"The test of a first-rate intelligence is the ability to hold two opposing ideas in mind at the same time and still retain the ability to function. One should, for example, be able to see that things are hopeless yet be determined to make them otherwise."

This line as spoken in F. Scott Fitzgerald's pithy and self-reflecting essay, "The Crack-Up", should remind us in these times of increasing polarization to realize while heatedly debating other's opposing viewpoints that one should maintain dignity and respect for that viewpoint and the person expressing it.

Those of us who follow the computer industry fully realize the effects of polarization as we read, view, discuss, and openly debate, in sometimes-heated fashion, the merits of each manufacturer's products.

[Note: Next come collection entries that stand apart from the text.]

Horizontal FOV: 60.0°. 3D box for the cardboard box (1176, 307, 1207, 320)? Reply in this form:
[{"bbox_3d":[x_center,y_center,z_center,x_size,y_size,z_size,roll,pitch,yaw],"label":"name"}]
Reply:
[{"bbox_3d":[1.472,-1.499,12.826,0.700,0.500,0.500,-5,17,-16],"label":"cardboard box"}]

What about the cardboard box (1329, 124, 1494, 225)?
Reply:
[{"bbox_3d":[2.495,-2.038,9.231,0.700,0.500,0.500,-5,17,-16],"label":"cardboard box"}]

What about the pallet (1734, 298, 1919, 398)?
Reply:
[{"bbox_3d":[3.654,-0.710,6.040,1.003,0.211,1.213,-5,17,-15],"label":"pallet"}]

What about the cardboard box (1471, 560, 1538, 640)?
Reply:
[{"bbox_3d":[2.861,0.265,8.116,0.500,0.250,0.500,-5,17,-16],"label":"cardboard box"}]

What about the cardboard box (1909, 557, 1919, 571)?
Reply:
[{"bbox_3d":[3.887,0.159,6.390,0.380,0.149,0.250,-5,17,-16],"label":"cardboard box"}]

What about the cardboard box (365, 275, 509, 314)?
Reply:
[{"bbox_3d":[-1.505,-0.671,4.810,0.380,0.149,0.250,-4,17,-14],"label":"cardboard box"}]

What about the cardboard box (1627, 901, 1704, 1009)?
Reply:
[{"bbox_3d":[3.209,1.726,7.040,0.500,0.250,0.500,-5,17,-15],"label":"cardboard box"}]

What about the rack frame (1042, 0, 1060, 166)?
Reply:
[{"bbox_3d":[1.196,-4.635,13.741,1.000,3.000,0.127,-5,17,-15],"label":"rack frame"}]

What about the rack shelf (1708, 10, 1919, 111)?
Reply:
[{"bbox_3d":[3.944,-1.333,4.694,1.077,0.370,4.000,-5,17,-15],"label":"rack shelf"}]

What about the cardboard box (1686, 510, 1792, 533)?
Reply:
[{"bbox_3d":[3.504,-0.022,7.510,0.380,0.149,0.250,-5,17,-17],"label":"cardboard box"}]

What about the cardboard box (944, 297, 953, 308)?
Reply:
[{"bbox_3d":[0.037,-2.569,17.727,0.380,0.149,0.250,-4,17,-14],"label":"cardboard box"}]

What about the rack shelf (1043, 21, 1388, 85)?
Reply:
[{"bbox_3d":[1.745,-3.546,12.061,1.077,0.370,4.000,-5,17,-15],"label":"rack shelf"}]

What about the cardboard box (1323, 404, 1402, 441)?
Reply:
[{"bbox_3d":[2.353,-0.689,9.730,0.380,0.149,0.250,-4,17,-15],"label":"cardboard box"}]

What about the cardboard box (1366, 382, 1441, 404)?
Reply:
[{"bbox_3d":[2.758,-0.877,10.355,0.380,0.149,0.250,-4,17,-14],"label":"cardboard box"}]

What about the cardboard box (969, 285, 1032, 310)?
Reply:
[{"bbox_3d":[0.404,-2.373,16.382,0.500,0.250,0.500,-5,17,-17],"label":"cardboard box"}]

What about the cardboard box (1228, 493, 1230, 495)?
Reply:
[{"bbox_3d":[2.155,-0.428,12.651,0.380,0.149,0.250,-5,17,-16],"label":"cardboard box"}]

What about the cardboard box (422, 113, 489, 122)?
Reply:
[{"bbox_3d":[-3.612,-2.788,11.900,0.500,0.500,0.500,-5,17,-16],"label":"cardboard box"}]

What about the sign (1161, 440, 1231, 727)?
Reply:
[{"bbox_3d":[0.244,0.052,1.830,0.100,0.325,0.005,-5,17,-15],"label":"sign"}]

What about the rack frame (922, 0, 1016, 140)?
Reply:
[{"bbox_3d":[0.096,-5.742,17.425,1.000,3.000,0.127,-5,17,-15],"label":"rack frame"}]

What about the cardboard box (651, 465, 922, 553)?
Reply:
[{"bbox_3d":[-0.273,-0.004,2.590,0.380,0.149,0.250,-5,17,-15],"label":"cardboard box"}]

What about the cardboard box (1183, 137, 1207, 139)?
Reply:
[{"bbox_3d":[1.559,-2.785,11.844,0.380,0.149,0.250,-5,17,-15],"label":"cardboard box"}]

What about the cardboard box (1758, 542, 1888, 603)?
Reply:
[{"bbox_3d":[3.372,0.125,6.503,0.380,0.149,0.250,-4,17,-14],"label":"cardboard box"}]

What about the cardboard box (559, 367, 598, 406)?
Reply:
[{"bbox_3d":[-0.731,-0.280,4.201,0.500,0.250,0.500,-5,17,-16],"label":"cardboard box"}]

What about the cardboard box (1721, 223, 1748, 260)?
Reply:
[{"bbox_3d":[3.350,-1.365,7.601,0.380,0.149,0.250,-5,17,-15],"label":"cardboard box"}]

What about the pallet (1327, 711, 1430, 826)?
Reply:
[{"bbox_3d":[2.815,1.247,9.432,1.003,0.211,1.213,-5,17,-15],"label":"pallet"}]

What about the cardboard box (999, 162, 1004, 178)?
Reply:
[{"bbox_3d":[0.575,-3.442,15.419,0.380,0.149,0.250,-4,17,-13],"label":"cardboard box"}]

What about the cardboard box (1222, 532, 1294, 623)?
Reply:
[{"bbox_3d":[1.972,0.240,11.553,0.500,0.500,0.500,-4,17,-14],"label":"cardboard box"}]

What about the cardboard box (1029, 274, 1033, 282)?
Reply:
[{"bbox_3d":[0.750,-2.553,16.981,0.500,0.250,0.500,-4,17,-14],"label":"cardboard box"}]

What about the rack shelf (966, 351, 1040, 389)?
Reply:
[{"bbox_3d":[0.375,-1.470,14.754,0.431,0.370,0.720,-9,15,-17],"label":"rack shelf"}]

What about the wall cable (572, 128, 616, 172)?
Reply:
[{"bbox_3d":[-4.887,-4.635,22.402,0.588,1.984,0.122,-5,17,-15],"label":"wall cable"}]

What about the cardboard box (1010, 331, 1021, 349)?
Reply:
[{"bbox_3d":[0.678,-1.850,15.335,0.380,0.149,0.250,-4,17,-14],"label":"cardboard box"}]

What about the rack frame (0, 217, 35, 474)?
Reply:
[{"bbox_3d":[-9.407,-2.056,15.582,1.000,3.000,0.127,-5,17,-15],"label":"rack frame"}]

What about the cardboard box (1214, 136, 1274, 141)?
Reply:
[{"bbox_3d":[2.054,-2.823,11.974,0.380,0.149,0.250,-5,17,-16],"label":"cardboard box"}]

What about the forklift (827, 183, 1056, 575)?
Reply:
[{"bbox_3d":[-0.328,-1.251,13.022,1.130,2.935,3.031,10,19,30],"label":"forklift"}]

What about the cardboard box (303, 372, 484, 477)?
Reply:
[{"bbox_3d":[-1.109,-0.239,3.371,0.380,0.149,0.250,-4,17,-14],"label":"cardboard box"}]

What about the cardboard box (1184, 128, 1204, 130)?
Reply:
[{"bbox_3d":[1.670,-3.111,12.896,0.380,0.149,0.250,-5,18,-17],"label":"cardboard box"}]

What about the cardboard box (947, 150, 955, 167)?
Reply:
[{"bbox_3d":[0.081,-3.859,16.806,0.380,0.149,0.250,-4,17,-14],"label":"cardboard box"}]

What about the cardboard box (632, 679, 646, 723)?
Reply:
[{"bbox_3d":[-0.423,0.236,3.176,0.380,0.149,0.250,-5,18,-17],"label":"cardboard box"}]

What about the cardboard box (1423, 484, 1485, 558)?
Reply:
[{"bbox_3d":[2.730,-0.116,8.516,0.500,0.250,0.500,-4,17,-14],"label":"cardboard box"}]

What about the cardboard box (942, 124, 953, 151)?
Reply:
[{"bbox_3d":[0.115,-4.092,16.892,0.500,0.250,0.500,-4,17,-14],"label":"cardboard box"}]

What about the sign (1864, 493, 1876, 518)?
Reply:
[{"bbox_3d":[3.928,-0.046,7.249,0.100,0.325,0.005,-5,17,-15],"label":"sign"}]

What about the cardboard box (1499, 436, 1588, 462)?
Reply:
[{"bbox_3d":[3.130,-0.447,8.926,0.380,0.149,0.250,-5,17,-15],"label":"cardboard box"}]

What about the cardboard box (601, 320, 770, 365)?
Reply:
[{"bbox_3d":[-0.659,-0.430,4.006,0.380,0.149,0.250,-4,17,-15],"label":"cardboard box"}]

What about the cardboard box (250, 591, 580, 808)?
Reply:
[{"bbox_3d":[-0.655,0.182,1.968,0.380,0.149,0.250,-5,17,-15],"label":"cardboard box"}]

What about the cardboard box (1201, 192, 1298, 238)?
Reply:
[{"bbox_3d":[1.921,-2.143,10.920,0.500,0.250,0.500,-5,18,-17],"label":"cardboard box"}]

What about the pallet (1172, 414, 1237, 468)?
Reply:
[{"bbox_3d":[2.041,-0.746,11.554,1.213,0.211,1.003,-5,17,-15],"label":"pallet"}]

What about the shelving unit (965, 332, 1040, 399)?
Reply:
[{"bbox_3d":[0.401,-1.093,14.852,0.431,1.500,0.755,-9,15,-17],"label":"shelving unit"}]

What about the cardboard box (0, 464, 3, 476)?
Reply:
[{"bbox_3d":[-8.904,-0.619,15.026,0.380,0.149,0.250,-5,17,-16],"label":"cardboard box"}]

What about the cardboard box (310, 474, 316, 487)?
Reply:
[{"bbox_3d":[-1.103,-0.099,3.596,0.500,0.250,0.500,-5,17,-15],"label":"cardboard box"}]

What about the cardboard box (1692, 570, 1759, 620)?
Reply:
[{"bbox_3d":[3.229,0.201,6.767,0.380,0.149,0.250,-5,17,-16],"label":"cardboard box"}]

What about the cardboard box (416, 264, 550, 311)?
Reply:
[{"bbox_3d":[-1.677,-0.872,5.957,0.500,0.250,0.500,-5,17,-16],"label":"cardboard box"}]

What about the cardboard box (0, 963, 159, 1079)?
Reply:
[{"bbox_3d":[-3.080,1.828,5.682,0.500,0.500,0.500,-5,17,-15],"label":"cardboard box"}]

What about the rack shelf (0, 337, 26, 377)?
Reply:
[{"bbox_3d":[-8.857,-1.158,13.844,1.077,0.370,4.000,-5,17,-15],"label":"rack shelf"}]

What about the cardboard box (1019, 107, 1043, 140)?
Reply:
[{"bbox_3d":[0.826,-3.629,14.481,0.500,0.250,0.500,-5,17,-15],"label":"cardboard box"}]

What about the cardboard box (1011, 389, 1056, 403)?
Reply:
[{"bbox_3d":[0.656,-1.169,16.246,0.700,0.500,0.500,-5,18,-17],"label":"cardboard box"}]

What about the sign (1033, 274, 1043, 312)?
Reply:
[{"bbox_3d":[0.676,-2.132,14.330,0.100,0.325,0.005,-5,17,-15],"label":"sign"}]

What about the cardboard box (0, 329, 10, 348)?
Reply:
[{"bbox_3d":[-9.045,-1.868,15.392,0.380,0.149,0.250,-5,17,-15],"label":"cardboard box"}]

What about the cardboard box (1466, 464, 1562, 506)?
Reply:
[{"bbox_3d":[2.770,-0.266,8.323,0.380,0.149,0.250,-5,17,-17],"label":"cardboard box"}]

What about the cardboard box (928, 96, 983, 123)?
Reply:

This typically leads into discussions regarding Intel versus AMD, NVIDIA versus ATI, Linux versus Windows, Asus versus Gigabyte, PC versus Mac, and so forth until at times our opinions are so one-sided that we fail to recognize the merits of the other product or more importantly, the ability to respect another's opinion.

I have to be honest with you in regards to this article and the products that we are reviewing today. As a devoted computer enthusiast, I fully admit the thought of reviewing the boards included in this article did not excite me, not because of the manufacturers involved, but rather due to the Intel 945 chipset. It has certainly sold in the hundreds of thousands from the likes of Dell, Hewlett-Packard, and others, but unless someone was standing on the street corner praising the virtues of this chipset would you really care about it.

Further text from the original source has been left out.